He noted that with skills in Viva, we are bringing together information from Microsoft 365 and LinkedIn to help employers understand workforce gaps and suggest personalized learning content to address it all in the flow of work. He said that we introduce new AI driven features, this is on LinkedIn, across all of our businesses, including a learning coach that gives members personalized content guidelines and tools to help employers find qualified candidates.

Remember my point a few weeks ago about how much consumer behavior shift we’re about to see? That’s what Satya Nadella is talking about. He’s talking about how Microsoft is going to enable that for customers all over the place in all of the various tools that they use every single day. Just as a for instance, he said, hitting the co pilot button across every surface, like the Teams meeting, which is an intelligent recap.

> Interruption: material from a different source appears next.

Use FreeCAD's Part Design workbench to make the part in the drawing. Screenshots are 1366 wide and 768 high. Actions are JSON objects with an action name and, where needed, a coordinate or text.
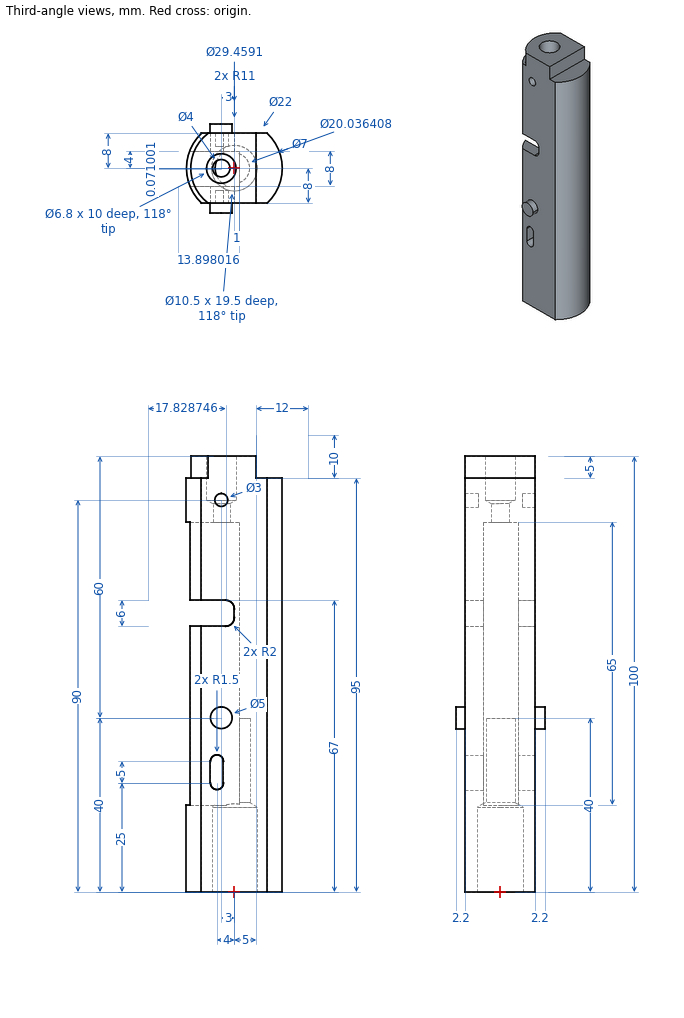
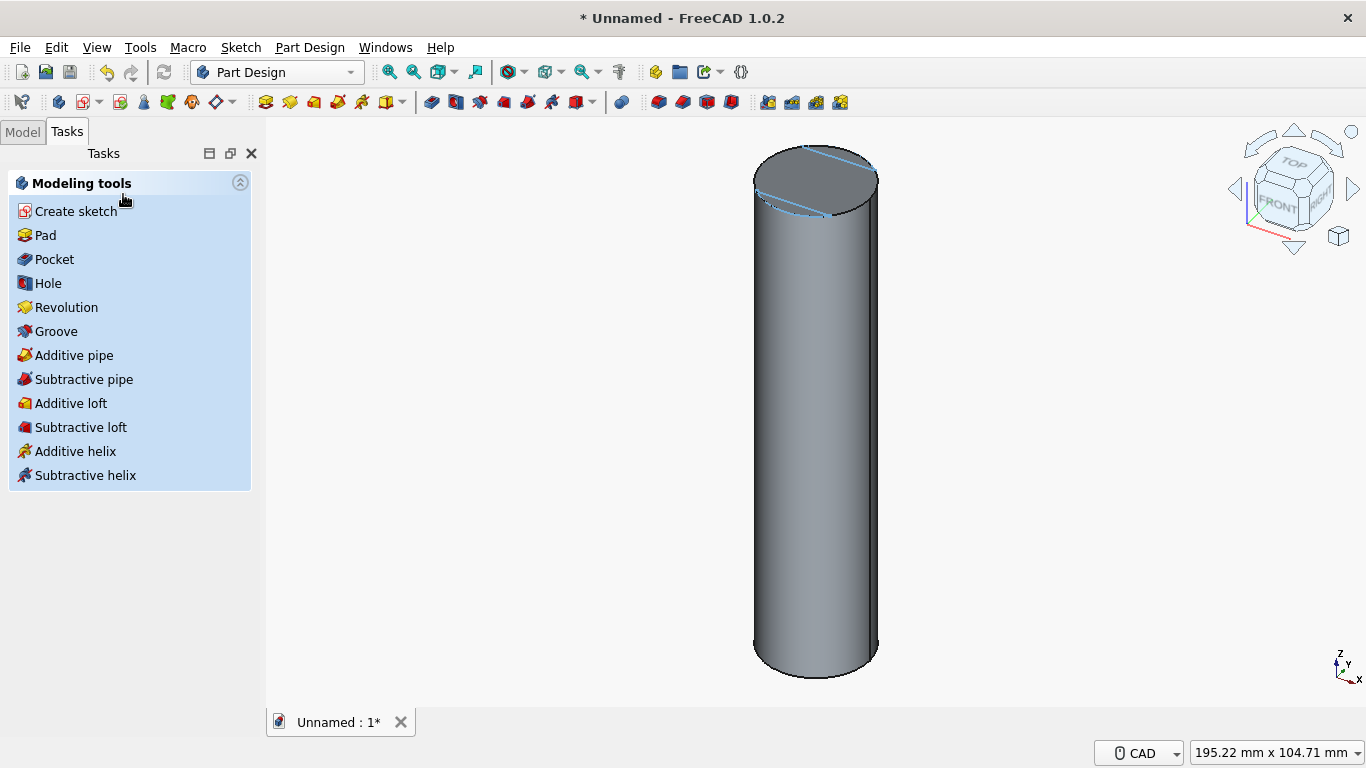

It’s not just a dumb transcript. He said, we are seeing broad usage across, and the interesting thing is, by different functions, whether it’s in finance or in sales, by role, we’ve seen productivity gains like we saw with developers in GitHub Copilot. They’ve made this available today. Some of this is still rolling out, but it’s at least in beta.

And Amy Hood, the Chief Financial Officer, late in the call, talked about when you think about our investment in AI, we are committed to leading this wave. I’ve talked about this many times on the show. They clearly will need to execute, they’ll clearly need to deliver, if this is going to turn into real business results for them.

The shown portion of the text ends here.